New rivalries appeared.
New diseases spread.
The climate was growing colder,
possibly because of
increased volcanic activity.
Five million years before
the end of the dinosaur era,
the volcanoes of the world
became much more active.
The air was
unbreathable in many places.
Vegetation suffered from the acid rain
and also from the
darkened and dust-filled skies.
But still, many
dinosaurs made it through
for a little while longer.
This comet is
as big as Mount Everest.
It covers the distance from
the moon to the Earth in two hours.
It cuts through our atmosphere
in two seconds.
It hit the earth near today's
Yucatan Peninsula in Mexico.
All the forest of North and
South America are destroyed by fire.
Already weakened, dinosaurs are
the animals that suffered most.
If they don't die as a result of the
impact and its immediate consequences,
they will die gradually in the aftermath.
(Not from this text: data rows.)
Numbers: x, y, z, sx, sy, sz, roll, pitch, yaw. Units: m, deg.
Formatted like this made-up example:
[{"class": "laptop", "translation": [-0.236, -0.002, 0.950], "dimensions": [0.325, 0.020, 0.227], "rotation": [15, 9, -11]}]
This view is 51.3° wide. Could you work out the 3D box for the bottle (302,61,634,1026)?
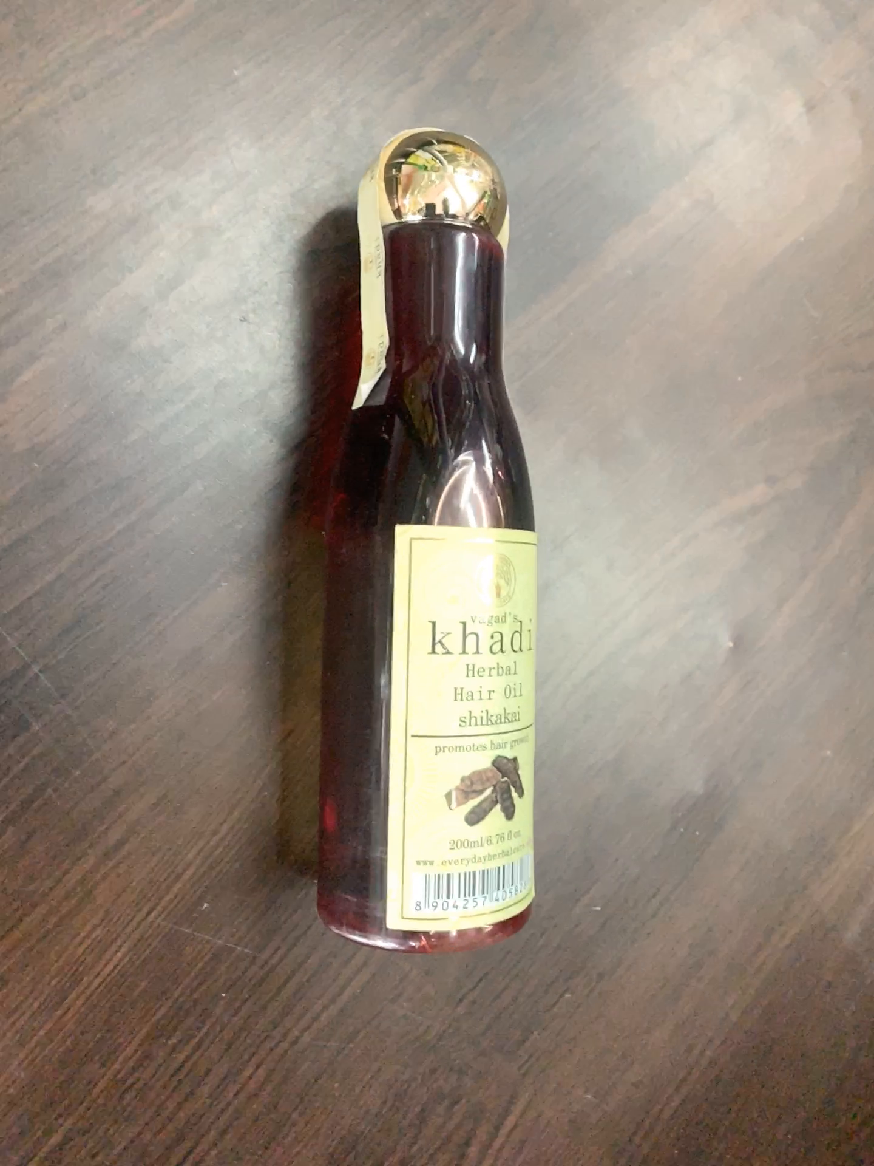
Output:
[{"class": "bottle", "translation": [0.005, -0.007, 0.194], "dimensions": [0.050, 0.050, 0.170], "rotation": [1, 89, -30]}]

In a relatively short time,
dinosaurs become history.
Or did they?
Not all the dinosaurs disappear.
Birds are dinosaurs.
It's difficult to imagine
how mammals could have evolved
alongside large dinosaurs.
If they haven't become extinct
maybe we just wouldn't be here.
Instead, when we
look at birds of today
it's as if the dinosaurs have left
us only the grace and beauty.
Palaeontology takes me fantastic
places all over the planet.
Still it keeps bringing
me back to my roots,
here in Patagonia.
More discoveries await me here perhaps
but as I move forward in life,
I find as much meaning
in sharing knowledge
as in discovering new dinosaurs.
This said, I'm not that old.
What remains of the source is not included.